Lieutenant Colonel Custer's command, the 7th Cavalry Regiment, was part of a larger force commanded by Alfred Terry, which cooperated with two other prongs of the United States Army's campaign against the Native Americans. On June 25, the 7th Cavalry encountered a Native American village, and Custer split his regiment into two groups to assail the village. The portion of the regiment that accompanied Custer, a force of about 210 men, was completely annihilated in the ensuing Battle of the Little Bighorn. Including losses from the other wing of the regiment, 268 of the men from the expedition were killed. Kellogg had accompanied Custer's portion of the regiment.

==Aftermath==
Colonel John Gibbon, whose men arrived at the battle on Tuesday, June 27, and also helped bury the dead, said he found Kellogg's body by itself on June 29 in a ravine near a ford across the Little Bighorn River; his body had been missed by an earlier burial detail.
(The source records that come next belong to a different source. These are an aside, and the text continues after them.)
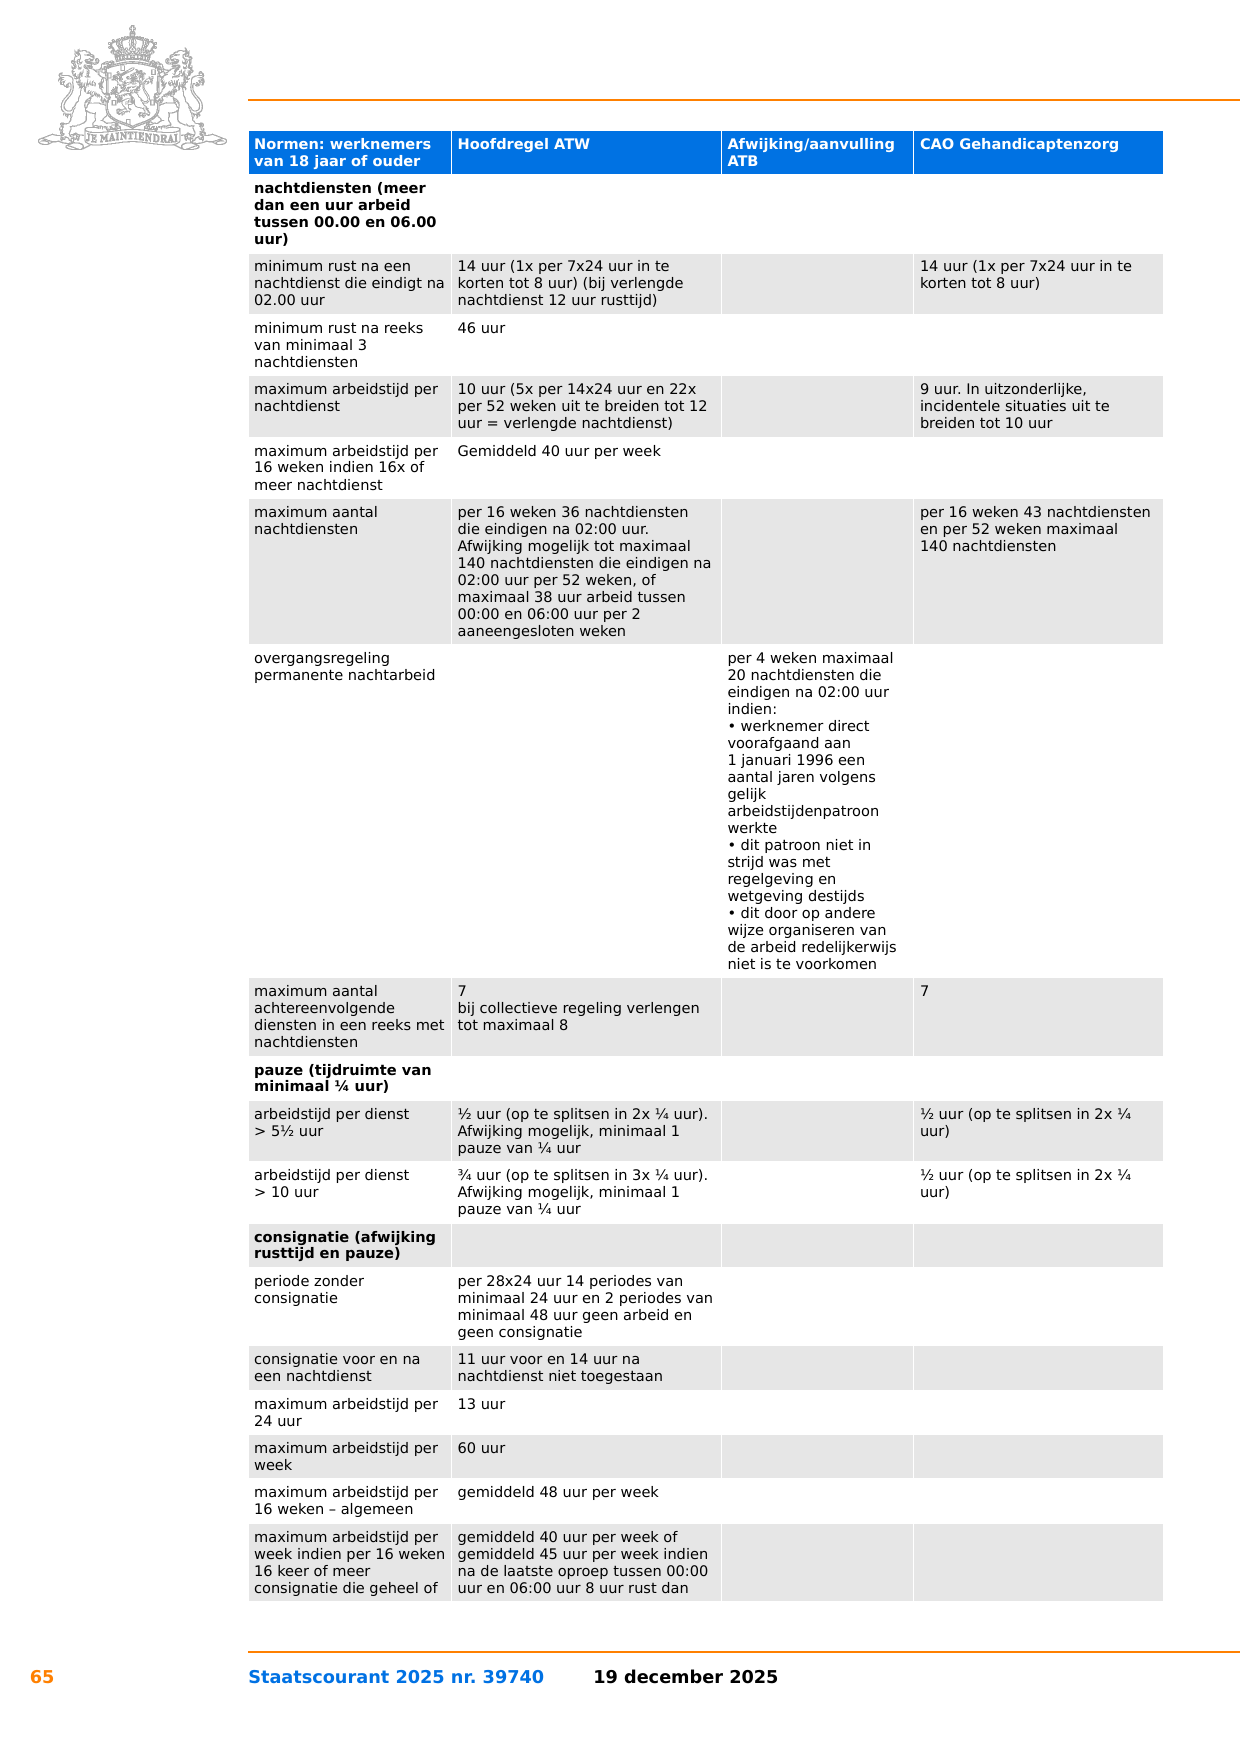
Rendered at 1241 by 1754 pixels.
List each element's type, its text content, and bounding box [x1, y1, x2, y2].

table_cell gemiddeld 48 uur per week [452, 1480, 721, 1523]
table_cell [722, 1435, 913, 1478]
table_cell 7 [914, 978, 1163, 1056]
table_cell [452, 1224, 721, 1267]
table_cell maximum arbeidstijd per 24 uur [249, 1391, 451, 1434]
table_cell [722, 1480, 913, 1523]
table_cell [722, 1101, 913, 1161]
table_cell [722, 315, 913, 375]
table_cell [914, 1268, 1163, 1345]
table_header CAO Gehandicaptenzorg [914, 131, 1163, 174]
table_cell 11 uur voor en 14 uur na nachtdienst niet toegestaan [452, 1346, 721, 1390]
table_cell [914, 315, 1163, 375]
table_cell maximum aantal nachtdiensten [249, 499, 451, 644]
table_cell pauze (tijdruimte van minimaal ¼ uur) [249, 1057, 451, 1100]
table_cell 13 uur [452, 1391, 721, 1434]
table_cell [722, 978, 913, 1056]
table_cell [914, 1346, 1163, 1390]
table_cell [722, 1163, 913, 1223]
table_cell per 28x24 uur 14 periodes van minimaal 24 uur en 2 periodes van minimaal 48 uur geen arbeid en geen consignatie [452, 1268, 721, 1345]
table_cell 7 bij collectieve regeling verlengen tot maximaal 8 [452, 978, 721, 1056]
table_cell [452, 1057, 721, 1100]
table_cell [722, 1391, 913, 1434]
table_cell [452, 645, 721, 977]
table_cell consignatie (afwijking rusttijd en pauze) [249, 1224, 451, 1267]
table_cell per 16 weken 43 nachtdiensten en per 52 weken maximaal 140 nachtdiensten [914, 499, 1163, 644]
picture [38, 25, 227, 150]
table_cell ½ uur (op te splitsen in 2x ¼ uur) [914, 1163, 1163, 1223]
table_cell ¾ uur (op te splitsen in 3x ¼ uur). Afwijking mogelijk, minimaal 1 pauze van ¼ uur [452, 1163, 721, 1223]
table_cell periode zonder consignatie [249, 1268, 451, 1345]
table_cell consignatie voor en na een nachtdienst [249, 1346, 451, 1390]
table_cell [722, 1346, 913, 1390]
table_cell Gemiddeld 40 uur per week [452, 438, 721, 498]
table_cell minimum rust na reeks van minimaal 3 nachtdiensten [249, 315, 451, 375]
table_cell [914, 1435, 1163, 1478]
table_cell maximum arbeidstijd per week indien per 16 weken 16 keer of meer consignatie die geheel of [249, 1524, 451, 1601]
table_cell [722, 254, 913, 314]
table_cell per 4 weken maximaal 20 nachtdiensten die eindigen na 02:00 uur indien: • werknemer direct voorafgaand aan 1 januari 1996 een aantal jaren volgens gelijk arbeidstijdenpatroon werkte • dit patroon niet in strijd was met regelgeving en wetgeving destijds • dit door op andere wijze organiseren van de arbeid redelijkerwijs niet is te voorkomen [722, 645, 913, 977]
table_cell [914, 1224, 1163, 1267]
table_cell [914, 1480, 1163, 1523]
table_cell 14 uur (1x per 7x24 uur in te korten tot 8 uur) (bij verlengde nachtdienst 12 uur rusttijd) [452, 254, 721, 314]
table_cell nachtdiensten (meer dan een uur arbeid tussen 00.00 en 06.00 uur) [249, 175, 451, 253]
table_cell maximum aantal achtereenvolgende diensten in een reeks met nachtdiensten [249, 978, 451, 1056]
table_cell arbeidstijd per dienst > 5½ uur [249, 1101, 451, 1161]
table_cell 10 uur (5x per 14x24 uur en 22x per 52 weken uit te breiden tot 12 uur = verlengde nachtdienst) [452, 376, 721, 437]
table_cell [914, 1391, 1163, 1434]
table_cell maximum arbeidstijd per 16 weken indien 16x of meer nachtdienst [249, 438, 451, 498]
table_cell arbeidstijd per dienst > 10 uur [249, 1163, 451, 1223]
table_cell [722, 1057, 913, 1100]
table_cell minimum rust na een nachtdienst die eindigt na 02.00 uur [249, 254, 451, 314]
table_header Normen: werknemers van 18 jaar of ouder [249, 131, 451, 174]
table_cell [722, 438, 913, 498]
table_cell [914, 645, 1163, 977]
table_cell per 16 weken 36 nachtdiensten die eindigen na 02:00 uur. Afwijking mogelijk tot maximaal 140 nachtdiensten die eindigen na 02:00 uur per 52 weken, of maximaal 38 uur arbeid tussen 00:00 en 06:00 uur per 2 aaneengesloten weken [452, 499, 721, 644]
table_header Hoofdregel ATW [452, 131, 721, 174]
table_cell overgangsregeling permanente nachtarbeid [249, 645, 451, 977]
table_cell [722, 1224, 913, 1267]
table_cell gemiddeld 40 uur per week of gemiddeld 45 uur per week indien na de laatste oproep tussen 00:00 uur en 06:00 uur 8 uur rust dan [452, 1524, 721, 1601]
table_cell 46 uur [452, 315, 721, 375]
table_cell [722, 1268, 913, 1345]
table_cell maximum arbeidstijd per 16 weken – algemeen [249, 1480, 451, 1523]
table_cell 14 uur (1x per 7x24 uur in te korten tot 8 uur) [914, 254, 1163, 314]
table_cell [914, 438, 1163, 498]
table_cell maximum arbeidstijd per week [249, 1435, 451, 1478]
table_cell ½ uur (op te splitsen in 2x ¼ uur). Afwijking mogelijk, minimaal 1 pauze van ¼ uur [452, 1101, 721, 1161]
table_cell 60 uur [452, 1435, 721, 1478]
table_cell [914, 1524, 1163, 1601]
table_cell [722, 175, 913, 253]
table_cell ½ uur (op te splitsen in 2x ¼ uur) [914, 1101, 1163, 1161]
table_cell maximum arbeidstijd per nachtdienst [249, 376, 451, 437]
table_cell [914, 175, 1163, 253]
table_header Afwijking/aanvulling ATB [722, 131, 913, 174]
table_cell [914, 1057, 1163, 1100]
table_cell 9 uur. In uitzonderlijke, incidentele situaties uit te breiden tot 10 uur [914, 376, 1163, 437]
table_cell [722, 1524, 913, 1601]
table_cell [452, 175, 721, 253]
table_cell [722, 376, 913, 437]
table_cell [722, 499, 913, 644]

While some observers thought they recognized Kellogg's body on Custer Ridge, others provided testimony that Kellogg's body was near the river. One lieutenant stated that Kellogg's body was "some distance from the field of battle". The archaeologist Richard Allan Fox believes that the reports that Kellogg fell near the river are correct. The marker placed on the battlefield for Kellogg is located on the east side of Last Stand Hill, but the historical evidence strongly suggests that this placement is not correct. Kellogg's body was scalped and missing an ear; he was identified by the boots he wore. His body had not been stripped unlike the other dead, and his corpse had suffered less mutilation that most of the others. Barnard speculates that this means that Kellogg was likely killed early in the combat, with his body within the range of guns from the surviving soldiers and that by the time the position had collapsed and the Native Americans had moved forward, Kellogg's body had been passed by.
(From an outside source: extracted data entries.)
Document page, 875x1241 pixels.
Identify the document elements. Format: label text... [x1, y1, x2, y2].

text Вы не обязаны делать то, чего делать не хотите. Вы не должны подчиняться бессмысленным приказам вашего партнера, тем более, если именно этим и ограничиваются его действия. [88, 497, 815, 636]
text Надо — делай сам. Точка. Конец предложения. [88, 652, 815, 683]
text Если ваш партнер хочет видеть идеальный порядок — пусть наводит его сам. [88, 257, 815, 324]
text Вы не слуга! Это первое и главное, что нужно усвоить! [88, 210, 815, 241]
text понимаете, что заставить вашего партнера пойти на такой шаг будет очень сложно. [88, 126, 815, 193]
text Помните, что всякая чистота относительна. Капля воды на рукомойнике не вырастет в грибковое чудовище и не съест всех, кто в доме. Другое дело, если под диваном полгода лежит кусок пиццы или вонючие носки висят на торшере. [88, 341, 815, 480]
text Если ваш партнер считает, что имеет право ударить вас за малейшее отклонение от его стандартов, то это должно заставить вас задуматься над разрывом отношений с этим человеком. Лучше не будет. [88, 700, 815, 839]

When news of the disaster reached Bismarck on July 5, Lounsberry quickly put together a special issue, which he published in the Bismarck Tribune the next day. This was the first full reporting of the battle, and Lounsberry spread the news across the country. Kellogg is considered the first Associated Press correspondent to die in the line of duty. Some of Kellogg's diary and notes survived the battle and these, along with his news accounts, are one of the primary historical sources for information on the days preceding the battle. His notes are now in the possession of the State Historical Society of North Dakota. His satchel, pencil, and eyeglasses were displayed in the Newseum in Washington, DC.